Domaine Zind-Humbrecht is a winery located in Turckheim, Alsace, France.

The domaine was created in 1959, following the marriage of Léonard Humbrecht to Geneviève Zind. The Humbrecht family has a history of winegrowing since 1620. The domaine is currently mostly managed by Léonard's son Olivier Humbrecht, who was the first Frenchman to qualify as Master of Wine.

== Vineyards ==
As a domaine, Zind-Humbrecht only produces wines from its own vineyards.

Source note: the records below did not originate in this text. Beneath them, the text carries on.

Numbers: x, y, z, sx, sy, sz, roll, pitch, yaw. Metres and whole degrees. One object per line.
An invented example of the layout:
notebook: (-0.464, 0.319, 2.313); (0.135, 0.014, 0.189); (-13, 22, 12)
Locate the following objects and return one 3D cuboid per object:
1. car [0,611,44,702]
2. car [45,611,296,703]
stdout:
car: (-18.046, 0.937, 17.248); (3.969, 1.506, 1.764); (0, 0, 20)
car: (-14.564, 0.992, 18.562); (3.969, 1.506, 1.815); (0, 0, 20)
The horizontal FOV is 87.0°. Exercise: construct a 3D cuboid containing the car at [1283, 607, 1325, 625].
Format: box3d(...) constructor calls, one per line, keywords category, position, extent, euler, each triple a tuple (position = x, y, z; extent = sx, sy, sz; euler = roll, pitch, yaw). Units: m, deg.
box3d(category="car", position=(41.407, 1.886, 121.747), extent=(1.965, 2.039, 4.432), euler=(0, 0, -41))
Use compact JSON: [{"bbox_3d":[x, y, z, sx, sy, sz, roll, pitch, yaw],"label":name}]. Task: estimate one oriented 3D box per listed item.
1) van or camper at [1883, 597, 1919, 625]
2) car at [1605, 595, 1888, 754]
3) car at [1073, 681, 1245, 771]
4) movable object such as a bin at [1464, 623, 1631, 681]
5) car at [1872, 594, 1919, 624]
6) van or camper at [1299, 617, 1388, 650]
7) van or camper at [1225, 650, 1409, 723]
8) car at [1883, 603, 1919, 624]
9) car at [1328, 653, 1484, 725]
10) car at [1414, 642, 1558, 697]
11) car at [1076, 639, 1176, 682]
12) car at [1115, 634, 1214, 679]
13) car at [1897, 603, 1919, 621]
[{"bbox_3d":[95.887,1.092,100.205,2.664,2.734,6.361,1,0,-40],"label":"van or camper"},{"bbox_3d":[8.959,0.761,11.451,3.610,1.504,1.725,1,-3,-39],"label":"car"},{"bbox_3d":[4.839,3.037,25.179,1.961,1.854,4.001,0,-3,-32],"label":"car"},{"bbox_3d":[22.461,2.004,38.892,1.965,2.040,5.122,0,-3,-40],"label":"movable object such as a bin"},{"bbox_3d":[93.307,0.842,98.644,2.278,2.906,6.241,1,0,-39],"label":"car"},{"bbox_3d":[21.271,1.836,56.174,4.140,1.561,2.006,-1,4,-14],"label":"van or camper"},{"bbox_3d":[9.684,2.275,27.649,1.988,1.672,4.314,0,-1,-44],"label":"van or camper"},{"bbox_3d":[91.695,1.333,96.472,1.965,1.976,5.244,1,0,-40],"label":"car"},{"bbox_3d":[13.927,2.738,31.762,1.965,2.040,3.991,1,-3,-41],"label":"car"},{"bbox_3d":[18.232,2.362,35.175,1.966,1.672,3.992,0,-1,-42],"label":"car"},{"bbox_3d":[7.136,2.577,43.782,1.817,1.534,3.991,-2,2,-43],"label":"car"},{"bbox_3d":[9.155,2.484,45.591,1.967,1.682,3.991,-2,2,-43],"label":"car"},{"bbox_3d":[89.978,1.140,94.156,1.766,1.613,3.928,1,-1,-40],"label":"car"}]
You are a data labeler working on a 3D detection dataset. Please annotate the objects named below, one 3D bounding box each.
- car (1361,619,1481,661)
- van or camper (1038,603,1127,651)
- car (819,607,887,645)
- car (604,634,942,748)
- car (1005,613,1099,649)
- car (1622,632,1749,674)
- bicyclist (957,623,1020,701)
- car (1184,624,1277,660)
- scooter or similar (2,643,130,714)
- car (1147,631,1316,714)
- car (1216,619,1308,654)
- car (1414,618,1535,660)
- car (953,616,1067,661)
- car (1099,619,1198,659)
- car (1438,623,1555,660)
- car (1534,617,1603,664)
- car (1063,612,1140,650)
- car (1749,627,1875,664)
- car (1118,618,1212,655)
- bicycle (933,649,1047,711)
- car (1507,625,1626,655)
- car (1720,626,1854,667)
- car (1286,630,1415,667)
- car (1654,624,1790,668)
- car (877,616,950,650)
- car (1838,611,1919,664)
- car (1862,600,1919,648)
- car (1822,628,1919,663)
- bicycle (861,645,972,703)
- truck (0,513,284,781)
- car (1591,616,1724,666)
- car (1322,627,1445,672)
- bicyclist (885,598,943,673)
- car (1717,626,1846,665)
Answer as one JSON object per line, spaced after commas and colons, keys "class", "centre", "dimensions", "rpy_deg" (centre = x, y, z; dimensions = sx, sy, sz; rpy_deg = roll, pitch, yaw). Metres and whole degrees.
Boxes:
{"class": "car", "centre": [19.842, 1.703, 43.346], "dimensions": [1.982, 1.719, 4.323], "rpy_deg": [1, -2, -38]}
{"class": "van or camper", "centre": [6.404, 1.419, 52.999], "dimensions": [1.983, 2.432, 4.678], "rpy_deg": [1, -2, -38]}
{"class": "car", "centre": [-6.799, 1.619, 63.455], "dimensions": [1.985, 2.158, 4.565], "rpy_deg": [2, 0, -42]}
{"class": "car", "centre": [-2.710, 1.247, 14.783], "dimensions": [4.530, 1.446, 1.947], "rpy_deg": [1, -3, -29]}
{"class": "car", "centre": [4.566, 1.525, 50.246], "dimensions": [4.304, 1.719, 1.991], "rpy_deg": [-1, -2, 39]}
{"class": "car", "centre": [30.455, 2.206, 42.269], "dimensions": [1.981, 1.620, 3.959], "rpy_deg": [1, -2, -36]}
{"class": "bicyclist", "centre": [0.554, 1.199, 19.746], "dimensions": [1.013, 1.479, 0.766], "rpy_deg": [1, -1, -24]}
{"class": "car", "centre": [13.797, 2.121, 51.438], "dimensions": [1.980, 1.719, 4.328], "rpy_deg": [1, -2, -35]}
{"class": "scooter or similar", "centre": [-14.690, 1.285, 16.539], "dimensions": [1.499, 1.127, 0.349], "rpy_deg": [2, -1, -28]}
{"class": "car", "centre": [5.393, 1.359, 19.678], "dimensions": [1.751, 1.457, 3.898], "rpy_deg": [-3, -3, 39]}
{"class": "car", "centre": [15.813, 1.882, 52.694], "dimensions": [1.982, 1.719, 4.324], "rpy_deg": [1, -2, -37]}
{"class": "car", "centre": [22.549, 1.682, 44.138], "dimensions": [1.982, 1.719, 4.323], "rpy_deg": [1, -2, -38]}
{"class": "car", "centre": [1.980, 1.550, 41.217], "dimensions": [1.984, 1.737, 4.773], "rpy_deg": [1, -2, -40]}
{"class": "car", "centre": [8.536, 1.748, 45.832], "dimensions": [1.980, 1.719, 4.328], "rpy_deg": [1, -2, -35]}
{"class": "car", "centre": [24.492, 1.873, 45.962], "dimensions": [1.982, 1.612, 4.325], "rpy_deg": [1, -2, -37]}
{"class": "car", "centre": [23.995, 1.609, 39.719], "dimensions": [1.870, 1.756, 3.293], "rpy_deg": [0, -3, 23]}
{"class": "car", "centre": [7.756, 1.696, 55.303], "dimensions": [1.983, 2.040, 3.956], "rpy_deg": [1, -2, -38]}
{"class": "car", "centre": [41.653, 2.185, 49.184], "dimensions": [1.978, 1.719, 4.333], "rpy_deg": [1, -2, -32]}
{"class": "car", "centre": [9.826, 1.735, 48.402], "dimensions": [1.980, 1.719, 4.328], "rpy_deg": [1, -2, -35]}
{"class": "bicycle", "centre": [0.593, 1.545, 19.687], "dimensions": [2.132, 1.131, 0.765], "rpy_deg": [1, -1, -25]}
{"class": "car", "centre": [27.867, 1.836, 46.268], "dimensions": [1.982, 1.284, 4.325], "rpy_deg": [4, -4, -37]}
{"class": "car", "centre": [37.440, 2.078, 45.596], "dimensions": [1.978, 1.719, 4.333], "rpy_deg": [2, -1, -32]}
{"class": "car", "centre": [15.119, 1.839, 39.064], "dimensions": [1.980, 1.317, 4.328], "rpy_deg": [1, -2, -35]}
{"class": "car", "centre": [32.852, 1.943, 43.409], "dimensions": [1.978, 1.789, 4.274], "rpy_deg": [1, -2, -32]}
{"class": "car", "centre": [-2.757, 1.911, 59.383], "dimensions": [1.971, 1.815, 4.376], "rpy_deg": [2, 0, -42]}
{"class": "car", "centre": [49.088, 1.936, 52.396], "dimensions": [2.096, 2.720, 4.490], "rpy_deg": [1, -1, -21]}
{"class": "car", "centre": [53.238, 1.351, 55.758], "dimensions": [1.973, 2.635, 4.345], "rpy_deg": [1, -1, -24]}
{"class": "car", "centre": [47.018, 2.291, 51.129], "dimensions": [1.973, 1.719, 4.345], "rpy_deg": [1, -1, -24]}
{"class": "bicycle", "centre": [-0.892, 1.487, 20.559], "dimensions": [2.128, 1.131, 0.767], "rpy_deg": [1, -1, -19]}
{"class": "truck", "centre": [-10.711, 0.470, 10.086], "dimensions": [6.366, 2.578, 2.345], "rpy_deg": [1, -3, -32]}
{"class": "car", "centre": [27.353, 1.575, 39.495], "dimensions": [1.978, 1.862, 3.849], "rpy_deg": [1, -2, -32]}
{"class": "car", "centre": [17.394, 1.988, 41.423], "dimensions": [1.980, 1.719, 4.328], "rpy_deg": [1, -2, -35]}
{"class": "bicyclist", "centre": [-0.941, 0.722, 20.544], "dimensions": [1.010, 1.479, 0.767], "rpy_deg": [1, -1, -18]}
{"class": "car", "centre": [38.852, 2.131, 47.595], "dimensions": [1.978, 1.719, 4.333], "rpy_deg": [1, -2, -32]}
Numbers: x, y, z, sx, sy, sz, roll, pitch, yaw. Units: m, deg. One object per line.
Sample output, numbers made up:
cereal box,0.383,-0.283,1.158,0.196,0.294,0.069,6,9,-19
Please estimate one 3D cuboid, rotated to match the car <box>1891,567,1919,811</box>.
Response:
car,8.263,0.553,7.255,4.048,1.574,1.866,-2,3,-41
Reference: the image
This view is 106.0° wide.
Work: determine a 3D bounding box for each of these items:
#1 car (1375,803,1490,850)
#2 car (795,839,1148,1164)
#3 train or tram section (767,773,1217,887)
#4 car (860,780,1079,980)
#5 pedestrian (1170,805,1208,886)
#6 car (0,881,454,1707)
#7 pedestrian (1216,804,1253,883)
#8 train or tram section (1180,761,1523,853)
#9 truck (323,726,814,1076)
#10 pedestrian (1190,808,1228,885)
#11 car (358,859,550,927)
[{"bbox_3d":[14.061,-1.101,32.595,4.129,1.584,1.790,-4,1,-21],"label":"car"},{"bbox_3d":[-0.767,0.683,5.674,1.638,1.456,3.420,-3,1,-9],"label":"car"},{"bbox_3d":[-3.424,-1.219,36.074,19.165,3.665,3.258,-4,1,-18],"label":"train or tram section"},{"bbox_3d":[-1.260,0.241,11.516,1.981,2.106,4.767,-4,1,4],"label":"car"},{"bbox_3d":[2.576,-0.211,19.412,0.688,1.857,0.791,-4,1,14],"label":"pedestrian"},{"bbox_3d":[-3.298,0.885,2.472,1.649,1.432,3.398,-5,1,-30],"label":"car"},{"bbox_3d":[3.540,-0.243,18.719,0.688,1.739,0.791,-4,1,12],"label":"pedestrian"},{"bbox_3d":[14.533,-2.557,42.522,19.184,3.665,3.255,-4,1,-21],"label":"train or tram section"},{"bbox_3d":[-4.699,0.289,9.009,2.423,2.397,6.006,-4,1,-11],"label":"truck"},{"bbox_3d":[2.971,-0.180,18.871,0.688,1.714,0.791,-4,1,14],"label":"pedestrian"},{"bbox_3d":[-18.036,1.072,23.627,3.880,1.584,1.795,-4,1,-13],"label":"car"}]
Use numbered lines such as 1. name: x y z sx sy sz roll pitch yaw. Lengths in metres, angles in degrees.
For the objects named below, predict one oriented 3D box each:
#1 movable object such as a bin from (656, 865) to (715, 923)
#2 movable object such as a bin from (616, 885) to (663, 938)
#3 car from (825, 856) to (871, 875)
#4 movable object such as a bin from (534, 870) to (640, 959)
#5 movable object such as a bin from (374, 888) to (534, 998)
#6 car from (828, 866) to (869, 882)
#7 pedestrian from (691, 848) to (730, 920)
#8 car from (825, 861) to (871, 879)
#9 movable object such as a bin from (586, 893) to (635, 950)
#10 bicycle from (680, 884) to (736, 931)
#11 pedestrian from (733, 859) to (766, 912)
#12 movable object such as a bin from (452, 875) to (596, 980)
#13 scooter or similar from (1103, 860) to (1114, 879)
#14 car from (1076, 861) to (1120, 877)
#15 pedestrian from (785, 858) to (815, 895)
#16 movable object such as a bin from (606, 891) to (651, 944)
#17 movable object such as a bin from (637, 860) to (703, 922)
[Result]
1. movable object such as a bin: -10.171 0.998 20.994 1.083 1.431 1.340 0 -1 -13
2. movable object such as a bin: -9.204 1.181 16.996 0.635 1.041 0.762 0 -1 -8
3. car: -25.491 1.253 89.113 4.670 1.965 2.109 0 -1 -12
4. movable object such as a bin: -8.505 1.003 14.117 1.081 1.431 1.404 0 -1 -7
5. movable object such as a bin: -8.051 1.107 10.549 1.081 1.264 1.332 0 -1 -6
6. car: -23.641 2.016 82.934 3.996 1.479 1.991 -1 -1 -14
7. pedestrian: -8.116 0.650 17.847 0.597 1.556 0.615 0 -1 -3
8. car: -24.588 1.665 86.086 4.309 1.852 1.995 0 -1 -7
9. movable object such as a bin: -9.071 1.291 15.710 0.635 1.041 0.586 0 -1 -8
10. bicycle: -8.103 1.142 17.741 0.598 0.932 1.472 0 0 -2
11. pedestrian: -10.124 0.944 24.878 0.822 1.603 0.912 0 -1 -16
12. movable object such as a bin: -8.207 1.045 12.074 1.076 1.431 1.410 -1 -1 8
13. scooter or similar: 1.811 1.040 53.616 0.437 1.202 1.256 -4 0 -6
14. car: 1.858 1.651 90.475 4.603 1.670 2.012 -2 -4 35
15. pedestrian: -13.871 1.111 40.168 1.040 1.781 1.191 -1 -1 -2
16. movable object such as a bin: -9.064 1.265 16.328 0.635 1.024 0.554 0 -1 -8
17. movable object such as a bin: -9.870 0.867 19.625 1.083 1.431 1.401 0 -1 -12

The total vineyard holdings of around 40 ha include:
- Grand Cru vineyards:
  - Rangen (in Thann), 5.5 ha
  - Brand (in Turckheim), 2.4 ha
  - Hengst (in Wintzenheim), 1.4 ha
  - Goldert (in Gueberschwihr), 0.9 ha
- Other vineyards:
  - Rotenberg (in Wintzenheim), 1.8 ha
  - Clos Häuserer (in Wintzenheim), 1.2 ha
  - Herrenweg (in Turkheim), 11.5 ha
  - Clos Jebsal (in Turkheim), 1.3 ha
  - Heimbourg (in Turkheim), 4 ha
  - Clos Windsbuhl (in Hunawihr), 5.2 ha

Zind-Humbrecht typically bottles also most of the wines from the non-Grand Cru vineyards under their lieu dit designation (vineyard name), rather than as Alsace wine with just a varietal designation.

== Wine style ==
Domaine Zind-Humbrecht took a pioneering role in producing Alsace wines in concentrated, fruity style using low yields (around 30-40 hectoliter per hectare) and biodynamic viticulture. Some of these wines did have considerable residual sugar (without being intended as dessert wines), which at that time was unusual for Alsace wines.

The level of residual sugar in Zind-Humbrecht wines may vary considerably between vintages, and acceptance of such variations is part of the biodynamic philosophy.

In order to guide the consumer to what they may expect inside the bottle, Zind-Humbrecht introduced a sweetness index on the labels of their bottles from the 2001 vintage. This index is a number from 1 to 5, which is found in fine print as "Indice 1" to "Indice 5" on the label, typically next to the alcoholic content. The index is assigned based on an overall impression of the wine, and has the following meaning:
- Indice 1: analytically dry or tasting dry. (This would correspond to the "classical Alsace style".)
- Indice 2: not analytically dry, but the sweetness is not apparent on the palate
- Indice 3: a semi-sweet wine
- Indice 4: a sweet wine; these wines may correspond to Vendange Tardive wines from many other producers.
- Indice 5: high sweetness, corresponding to a Vendange Tardive in richness but with less noble rot character. These will be wines which Zind-Humbrecht could have bottled as Vendange Tardive, but have elected not to because of their style.